VMs that run NVadsA10 v5-series have partial GPUs. For these VMs, Turbonomic discovers partial GPU information and then adjusts GPU capacities (such as GPU memory) accordingly. Capacity information is available when you set the scope to an Azure GPU VM and view the Capacity and Usage chart.

In the Turbonomic user interface, the default virtual machine policy shows the currently supported GPU instance type series and the resources allocated to them. These instance series are grouped under the Accelerated Computing category. GPU instance series that Azure retired are grouped under the GPU (Retired) category.

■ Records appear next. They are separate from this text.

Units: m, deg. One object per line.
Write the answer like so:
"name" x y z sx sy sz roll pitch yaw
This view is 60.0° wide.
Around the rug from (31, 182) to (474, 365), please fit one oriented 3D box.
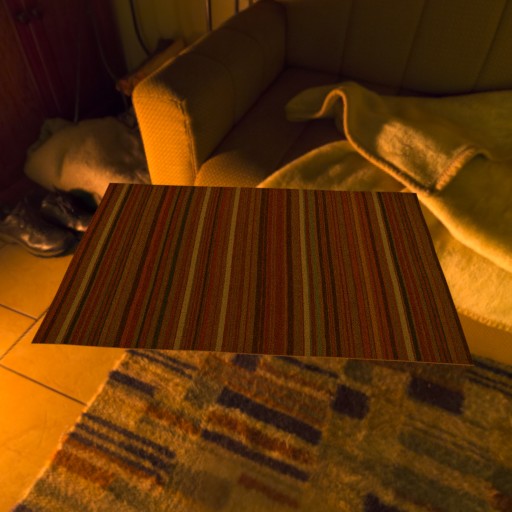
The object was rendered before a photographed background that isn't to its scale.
"rug" 0.000 0.000 2.966 2.438 0.008 1.523 2 45 2
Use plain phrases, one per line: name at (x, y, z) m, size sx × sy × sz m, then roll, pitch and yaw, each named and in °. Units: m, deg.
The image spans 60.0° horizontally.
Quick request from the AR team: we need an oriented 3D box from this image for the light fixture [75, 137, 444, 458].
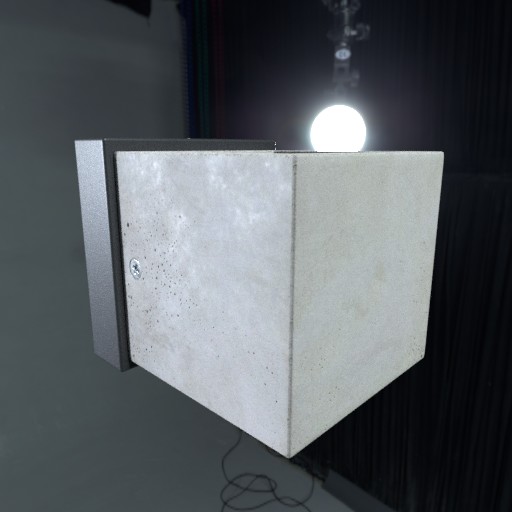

See the previous section for the steps to view the default virtual machine policy.

Turbonomic collects NVIDIA GPU metrics for VMs running these instance types and then uses these metrics to generate VM scale actions that optimize performance and costs.

Note:

For additional information about these metrics, see the NVIDIA documentation.

Metric Description Actions
GPU Count Number of GPU cards in use Scale down the number of GPU cards within the same instance type
GPU Memory Amount of GPU memory in use Scale GPU memory up or down within the same instance type
GPU Memory BW (bandwidth)

Fraction of cycles where data was sent to or received from device memory, measured in GB/s

Scale GPU memory BW up or down

This action moves the VM from its current instance type to another instance type with the same (or higher) GPU count and GPU memory capacity.

GPU FP16 Fraction of cycles the FP16 (half precision) pipe was active

Scale GPU FP16 up or down

This action moves the VM from its current instance type to another instance type with the same (or higher) GPU count and GPU memory capacity.

GPU FP32 Fraction of cycles the FP32 (single precision) pipe was active

Scale GPU FP32 up or down

This action moves the VM from its current instance type to another instance type with the same (or higher) GPU count and GPU memory capacity.

GPU FP64 Fraction of cycles the FP64 (double precision) pipe was active

Scale GPU FP64 up or down

This action moves the VM from its current instance type to another instance type with the same (or higher) GPU count and GPU memory capacity.

GPU Tensor Fraction of cycles the Tensor (mixed/multi-precision) pipe was active

Scale GPU Tensor up or down

This action moves the VM from its current instance type to another instance type with the same (or higher) GPU count and GPU memory capacity.

Note:

For GPU VMs with accelerator cards, GPU card information is available when you set the scope to a VM and view the Entity Information chart. For example, the Accelerator Model field shows the GPU model.

To enable the discovery of GPU metrics, configure NVIDIA Data Center GPU Manager (DCGM) as described in this topic.

Turbonomic can also recommend actions that scale standard VM resources (such as vCPU and vMem) to the supported GPU instance types.

When generating or executing scale actions, Turbonomic considers the following policies and settings as constraints:

  • Read-only tier exclusion policies

    Turbonomic automatically creates these policies and displays them in the Policy Management page (Settings > Policies).

    • Cross-target policies

      Cross-target policies ensure that VMs with certain GPU types only scale to an instance type with the same (or higher) GPU card count and memory per card.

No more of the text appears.